▶ Activity
Find and return every line of the data that contains the word "item".

▶ Provided records
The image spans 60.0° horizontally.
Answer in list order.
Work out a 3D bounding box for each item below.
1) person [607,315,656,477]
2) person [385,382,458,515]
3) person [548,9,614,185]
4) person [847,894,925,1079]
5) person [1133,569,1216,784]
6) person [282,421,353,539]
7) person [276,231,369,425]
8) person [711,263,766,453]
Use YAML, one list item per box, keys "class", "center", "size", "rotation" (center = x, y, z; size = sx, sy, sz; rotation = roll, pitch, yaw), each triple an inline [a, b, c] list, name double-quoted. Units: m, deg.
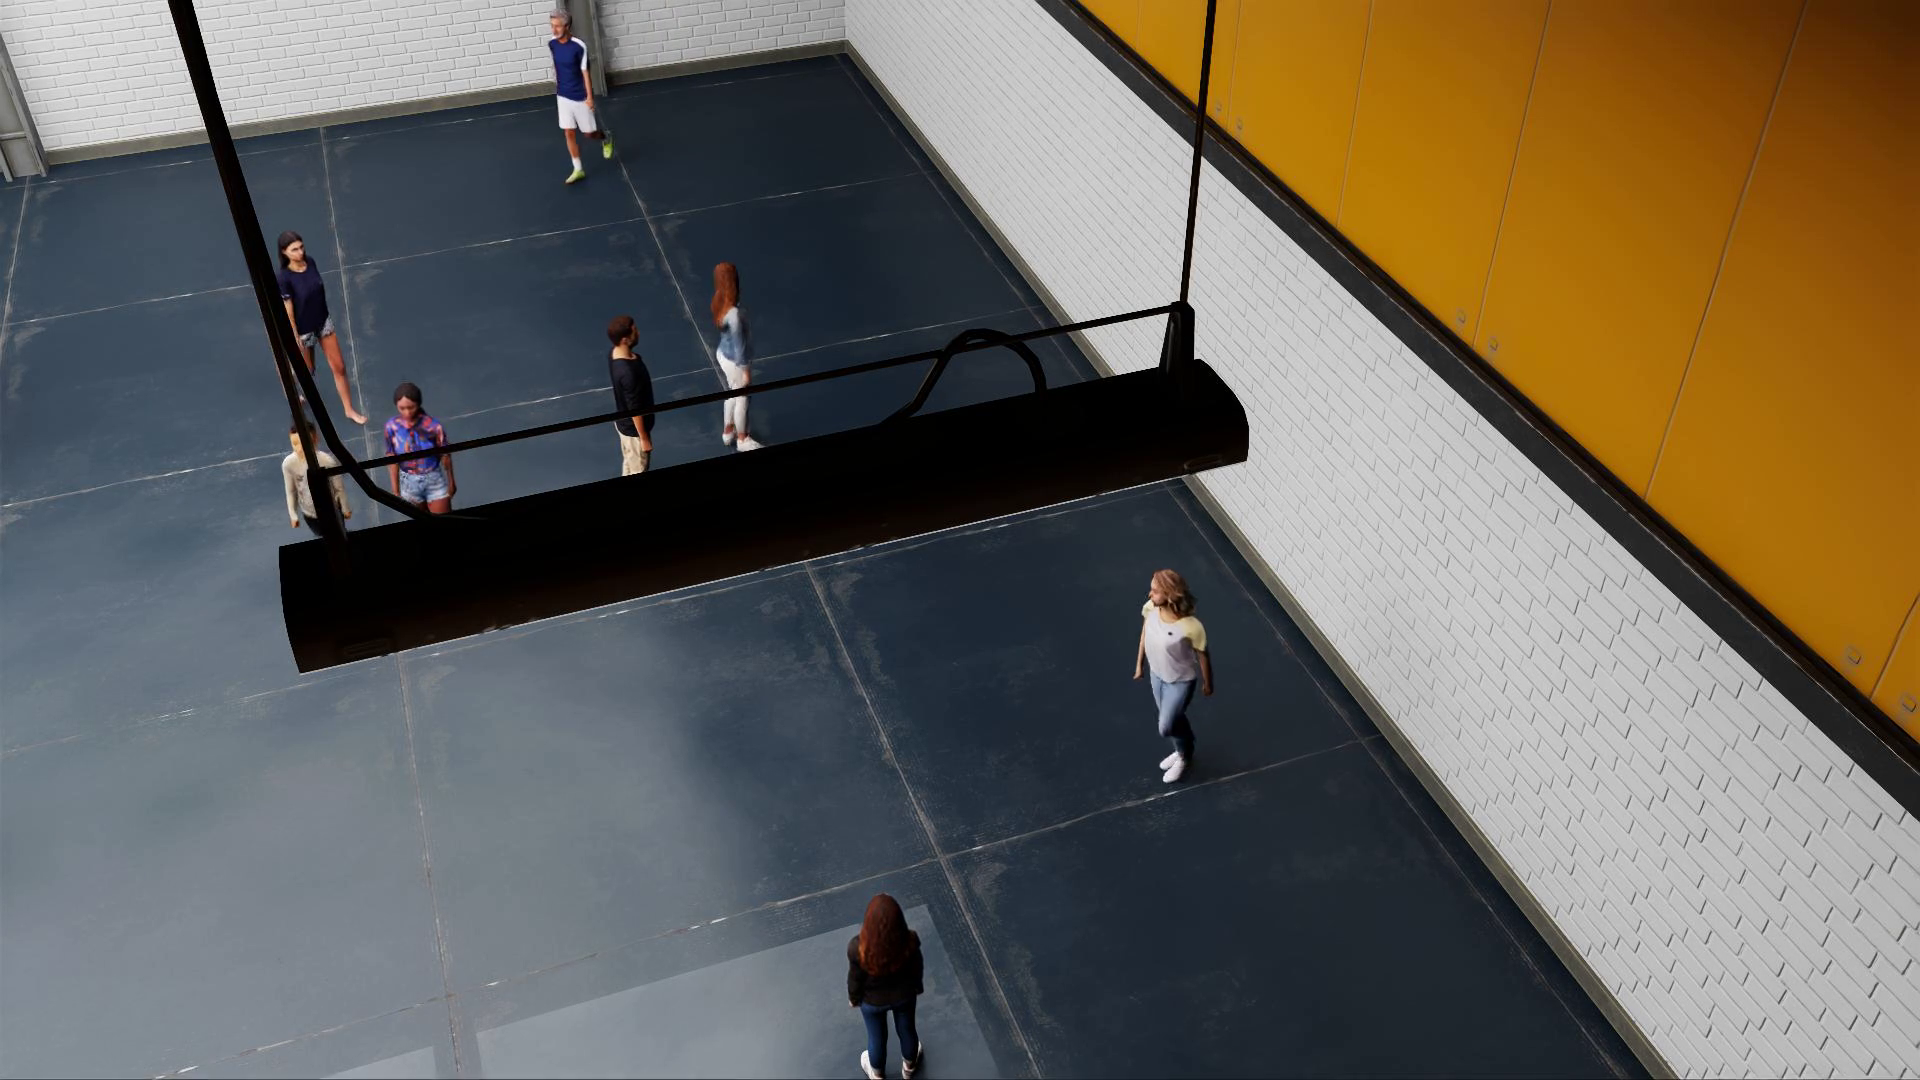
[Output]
- class: "person"
  center: [-2.446, -0.858, 12.445]
  size: [0.541, 1.852, 0.630]
  rotation: [-14, 41, -16]
- class: "person"
  center: [-3.858, -0.409, 11.988]
  size: [0.964, 1.722, 0.823]
  rotation: [-4, 39, -4]
- class: "person"
  center: [-3.926, -4.614, 17.171]
  size: [1.019, 1.824, 1.064]
  rotation: [15, 41, 18]
- class: "person"
  center: [-0.379, 2.360, 8.711]
  size: [0.466, 1.483, 0.633]
  rotation: [-9, 40, -11]
- class: "person"
  center: [1.398, 0.843, 10.452]
  size: [0.731, 1.681, 0.761]
  rotation: [27, 46, 30]
- class: "person"
  center: [-4.596, -0.256, 12.021]
  size: [0.975, 1.442, 0.806]
  rotation: [-1, 39, -1]
- class: "person"
  center: [-5.393, -1.761, 13.668]
  size: [1.052, 1.738, 1.045]
  rotation: [20, 43, 24]
- class: "person"
  center: [-1.801, -1.431, 13.293]
  size: [0.553, 1.690, 0.650]
  rotation: [-6, 39, -8]

▶ Expected answer
Work out a 3D bounding box for each item below.
Use YAML, one list item per box, keys "class", "center", "size", "rotation" (center = x, y, z; size = sx, sy, sz; rotation = roll, pitch, yaw), each triple an inline [a, b, c] list, name double-quoted. Units: m, deg.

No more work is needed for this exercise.